IR will not end up a separate specialty. The entire essence of IR is being an an expert in imaging AND procedures. If you've ever closely watched a vascular surgeon perform endovascular work, or even a cardiologist, you will understand that the lack of imaging expertise is a severe limiting factor to what they can do (though it doesn't necessarily stop them from thinking otherwise). Moreover, the IR leadership (SIR) has made it abundantly clear that they do not want a split. Most of us in IR agree with that because we believe that as a specialty we are politically stronger together than separate.
It is far different when comparing a diagnostic radiology program from a strong interventional radiology program. If you want to do IR well, you should go to a program that will train you to be able to independently build a practice immediately after training. Most IR training programs (unless you go to BCVI) will get you ready enough to do that.

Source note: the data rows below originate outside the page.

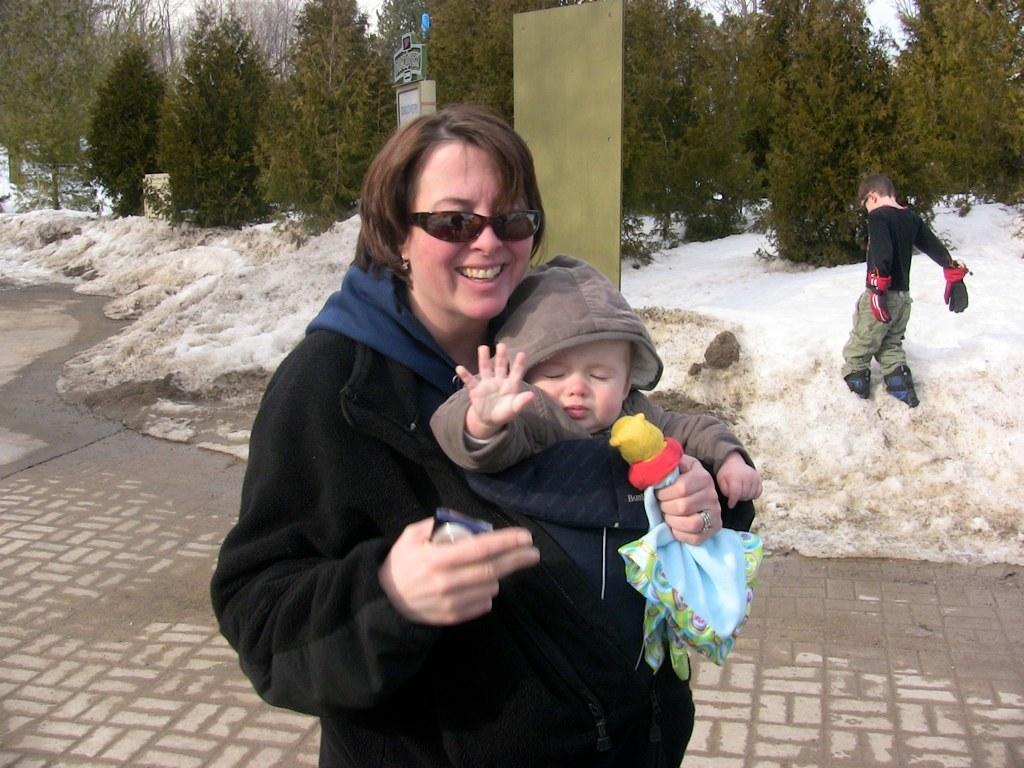What is the person in the image doing with the kid? The person is carrying a kid in the image. What else is the person holding in the image? The person is holding objects. What is the child in the image doing? A child is standing in the water. What can be seen in the background of the image? There are trees and boards in the background of the image. What statement is the pig making in the image? There are no pigs present in the image, so no statement can be attributed to a pig. 
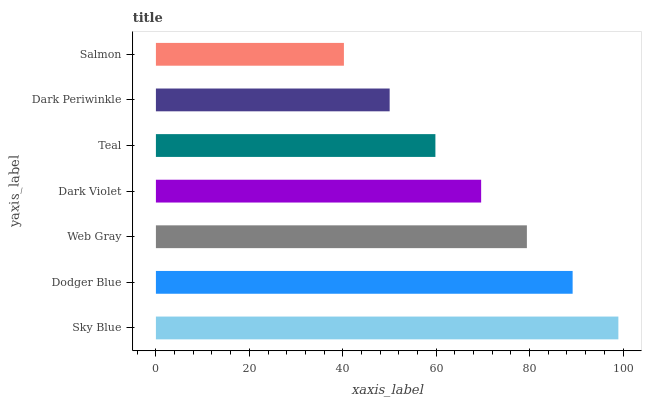Is Salmon the minimum?
Answer yes or no. Yes. Is Sky Blue the maximum?
Answer yes or no. Yes. Is Dodger Blue the minimum?
Answer yes or no. No. Is Dodger Blue the maximum?
Answer yes or no. No. Is Sky Blue greater than Dodger Blue?
Answer yes or no. Yes. Is Dodger Blue less than Sky Blue?
Answer yes or no. Yes. Is Dodger Blue greater than Sky Blue?
Answer yes or no. No. Is Sky Blue less than Dodger Blue?
Answer yes or no. No. Is Dark Violet the high median?
Answer yes or no. Yes. Is Dark Violet the low median?
Answer yes or no. Yes. Is Web Gray the high median?
Answer yes or no. No. Is Dark Periwinkle the low median?
Answer yes or no. No. 
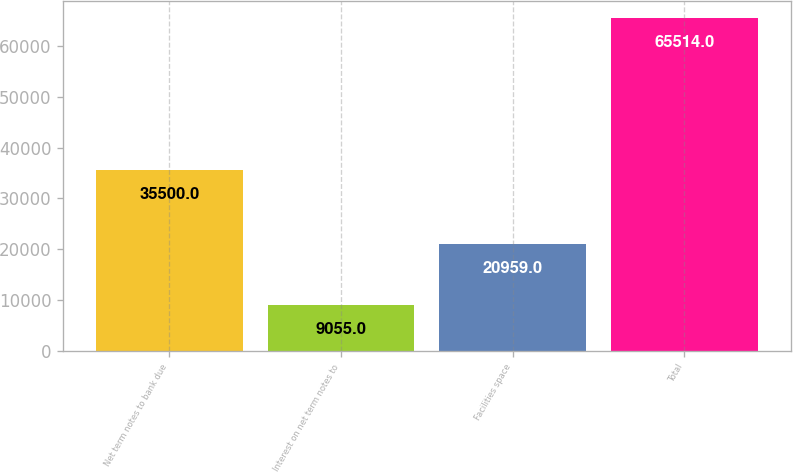Convert chart. <chart><loc_0><loc_0><loc_500><loc_500><bar_chart><fcel>Net term notes to bank due<fcel>Interest on net term notes to<fcel>Facilities space<fcel>Total<nl><fcel>35500<fcel>9055<fcel>20959<fcel>65514<nl></chart> 
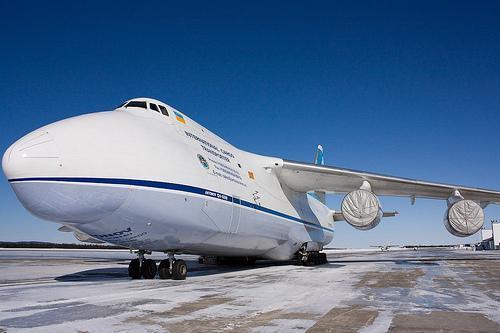How many planes are in the picture?
Give a very brief answer. 1.

Are all these new integrated IR residencies in addition to existing fellowships, or are they replacing them on a near 1 for 1 basis?
I was under the impression there would be 2 year fellowships instead (I.e. You basically just do the 2 years of IR that an IR residency would have) at a given institution. I'm sure those will be decreased but still existent for people who loved rads and did not discover IR until they began residency.
Out of the programs that now have integrated IR residencies, which do you guys think are the most well rounded and offer the best DR and IR training?
Yale has a great program. FWIW, one of the fellows left a Harvard programs to come to Yale due to the concerns mentioned above.